__What is needed__
Every line in the data below from the one containing "table_cell [930, 453, 996, 497]" down to the one containing "table_cell [931, 221, 996, 406]", both included, must be retyped exactly; no other line is to appear.

(Collection entries)
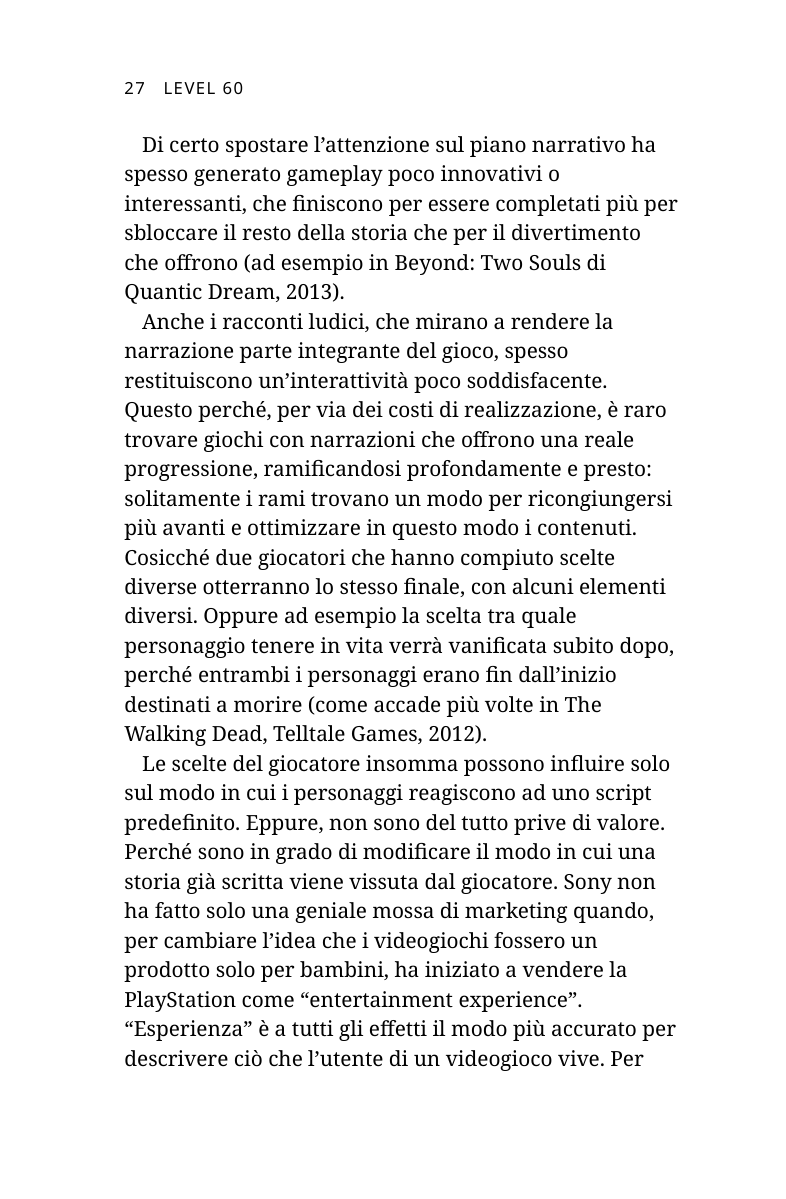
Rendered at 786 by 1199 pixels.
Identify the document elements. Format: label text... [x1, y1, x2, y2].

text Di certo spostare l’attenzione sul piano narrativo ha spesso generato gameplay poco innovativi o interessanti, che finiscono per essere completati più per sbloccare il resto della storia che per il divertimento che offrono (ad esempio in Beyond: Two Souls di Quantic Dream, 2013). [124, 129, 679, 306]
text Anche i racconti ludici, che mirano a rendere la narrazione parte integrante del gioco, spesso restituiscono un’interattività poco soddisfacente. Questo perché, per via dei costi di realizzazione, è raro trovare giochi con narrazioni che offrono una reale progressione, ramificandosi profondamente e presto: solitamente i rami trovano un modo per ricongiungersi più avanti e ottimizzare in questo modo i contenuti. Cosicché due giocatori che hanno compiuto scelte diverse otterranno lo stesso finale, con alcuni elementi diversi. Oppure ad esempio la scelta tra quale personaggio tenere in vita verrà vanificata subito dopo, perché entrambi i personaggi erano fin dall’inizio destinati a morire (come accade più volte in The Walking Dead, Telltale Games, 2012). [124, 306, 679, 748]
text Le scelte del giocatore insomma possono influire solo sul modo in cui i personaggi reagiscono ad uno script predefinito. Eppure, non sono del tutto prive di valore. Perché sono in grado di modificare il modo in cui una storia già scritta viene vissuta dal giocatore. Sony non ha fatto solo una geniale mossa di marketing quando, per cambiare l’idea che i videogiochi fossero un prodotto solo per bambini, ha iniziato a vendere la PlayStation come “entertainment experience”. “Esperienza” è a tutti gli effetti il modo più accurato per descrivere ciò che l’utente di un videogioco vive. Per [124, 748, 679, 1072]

---

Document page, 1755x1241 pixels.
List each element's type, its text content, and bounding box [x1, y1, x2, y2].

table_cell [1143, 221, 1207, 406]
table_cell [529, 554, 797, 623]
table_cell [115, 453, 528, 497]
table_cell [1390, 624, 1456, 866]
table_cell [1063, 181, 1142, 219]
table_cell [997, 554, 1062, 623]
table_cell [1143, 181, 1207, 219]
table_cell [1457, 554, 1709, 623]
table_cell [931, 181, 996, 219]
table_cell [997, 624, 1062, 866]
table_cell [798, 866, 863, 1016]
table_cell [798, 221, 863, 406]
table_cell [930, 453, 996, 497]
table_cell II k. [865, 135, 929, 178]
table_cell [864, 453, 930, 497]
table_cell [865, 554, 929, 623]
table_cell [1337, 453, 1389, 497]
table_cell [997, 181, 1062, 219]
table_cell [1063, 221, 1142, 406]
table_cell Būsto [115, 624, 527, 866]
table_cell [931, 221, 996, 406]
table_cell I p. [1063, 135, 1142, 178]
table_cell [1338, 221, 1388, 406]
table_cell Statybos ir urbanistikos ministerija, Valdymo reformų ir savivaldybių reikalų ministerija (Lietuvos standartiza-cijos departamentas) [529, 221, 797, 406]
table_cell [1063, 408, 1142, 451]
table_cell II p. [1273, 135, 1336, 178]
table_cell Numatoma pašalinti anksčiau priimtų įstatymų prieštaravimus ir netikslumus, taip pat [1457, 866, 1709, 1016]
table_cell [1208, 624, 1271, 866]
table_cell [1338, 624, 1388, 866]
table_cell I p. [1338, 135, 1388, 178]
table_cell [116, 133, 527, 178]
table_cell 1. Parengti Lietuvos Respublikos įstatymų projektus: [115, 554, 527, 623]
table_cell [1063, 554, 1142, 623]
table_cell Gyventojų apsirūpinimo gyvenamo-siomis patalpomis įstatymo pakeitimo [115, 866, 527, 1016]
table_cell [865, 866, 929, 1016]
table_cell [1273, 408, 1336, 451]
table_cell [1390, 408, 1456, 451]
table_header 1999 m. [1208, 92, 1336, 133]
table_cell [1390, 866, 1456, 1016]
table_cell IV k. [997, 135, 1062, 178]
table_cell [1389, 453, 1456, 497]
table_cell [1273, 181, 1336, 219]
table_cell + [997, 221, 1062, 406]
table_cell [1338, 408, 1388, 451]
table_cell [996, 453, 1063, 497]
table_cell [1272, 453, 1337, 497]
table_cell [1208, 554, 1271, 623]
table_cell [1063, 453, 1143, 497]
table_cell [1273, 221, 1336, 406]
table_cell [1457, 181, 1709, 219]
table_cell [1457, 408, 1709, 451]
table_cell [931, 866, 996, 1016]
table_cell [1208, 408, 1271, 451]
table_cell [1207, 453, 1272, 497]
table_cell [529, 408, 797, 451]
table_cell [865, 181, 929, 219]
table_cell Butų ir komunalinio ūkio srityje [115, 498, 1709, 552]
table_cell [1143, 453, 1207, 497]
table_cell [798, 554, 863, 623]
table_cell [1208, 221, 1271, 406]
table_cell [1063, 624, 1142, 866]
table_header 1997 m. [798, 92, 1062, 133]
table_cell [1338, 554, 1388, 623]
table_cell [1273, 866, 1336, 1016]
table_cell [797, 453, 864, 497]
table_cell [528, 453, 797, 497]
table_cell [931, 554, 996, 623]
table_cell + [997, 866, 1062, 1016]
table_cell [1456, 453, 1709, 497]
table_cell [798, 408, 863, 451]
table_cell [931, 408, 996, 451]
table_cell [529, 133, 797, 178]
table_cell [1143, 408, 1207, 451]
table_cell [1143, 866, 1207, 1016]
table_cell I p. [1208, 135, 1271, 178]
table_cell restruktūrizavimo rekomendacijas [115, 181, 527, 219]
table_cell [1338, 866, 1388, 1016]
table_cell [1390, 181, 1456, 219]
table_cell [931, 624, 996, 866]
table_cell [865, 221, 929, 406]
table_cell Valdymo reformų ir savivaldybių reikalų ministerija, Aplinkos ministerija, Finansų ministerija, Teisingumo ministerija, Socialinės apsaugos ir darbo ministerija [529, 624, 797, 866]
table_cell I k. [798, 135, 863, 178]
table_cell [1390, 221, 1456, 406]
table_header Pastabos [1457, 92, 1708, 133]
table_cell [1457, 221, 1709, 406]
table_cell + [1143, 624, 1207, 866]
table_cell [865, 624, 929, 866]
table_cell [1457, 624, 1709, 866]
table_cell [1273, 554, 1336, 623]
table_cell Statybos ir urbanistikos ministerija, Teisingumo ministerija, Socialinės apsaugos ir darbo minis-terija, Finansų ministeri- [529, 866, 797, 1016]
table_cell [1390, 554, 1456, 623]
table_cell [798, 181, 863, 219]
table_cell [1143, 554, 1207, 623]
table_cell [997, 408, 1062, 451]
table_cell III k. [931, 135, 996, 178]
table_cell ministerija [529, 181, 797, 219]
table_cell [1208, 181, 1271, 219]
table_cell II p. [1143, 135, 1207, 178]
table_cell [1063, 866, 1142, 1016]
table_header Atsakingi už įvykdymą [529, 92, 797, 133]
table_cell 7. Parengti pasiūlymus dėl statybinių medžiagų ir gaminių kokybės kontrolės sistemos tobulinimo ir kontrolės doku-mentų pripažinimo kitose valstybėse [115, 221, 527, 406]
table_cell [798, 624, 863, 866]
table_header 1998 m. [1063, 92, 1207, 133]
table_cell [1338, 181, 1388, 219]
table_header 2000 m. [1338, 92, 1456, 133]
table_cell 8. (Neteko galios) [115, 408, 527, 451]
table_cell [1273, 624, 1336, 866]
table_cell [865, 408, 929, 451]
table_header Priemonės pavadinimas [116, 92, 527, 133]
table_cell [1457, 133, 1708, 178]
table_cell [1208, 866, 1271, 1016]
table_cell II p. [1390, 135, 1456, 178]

__Output for this task__
table_cell [930, 453, 996, 497]
table_cell II k. [865, 135, 929, 178]
table_cell [864, 453, 930, 497]
table_cell [865, 554, 929, 623]
table_cell [1337, 453, 1389, 497]
table_cell [997, 181, 1062, 219]
table_cell [1063, 221, 1142, 406]
table_cell Būsto [115, 624, 527, 866]
table_cell [931, 221, 996, 406]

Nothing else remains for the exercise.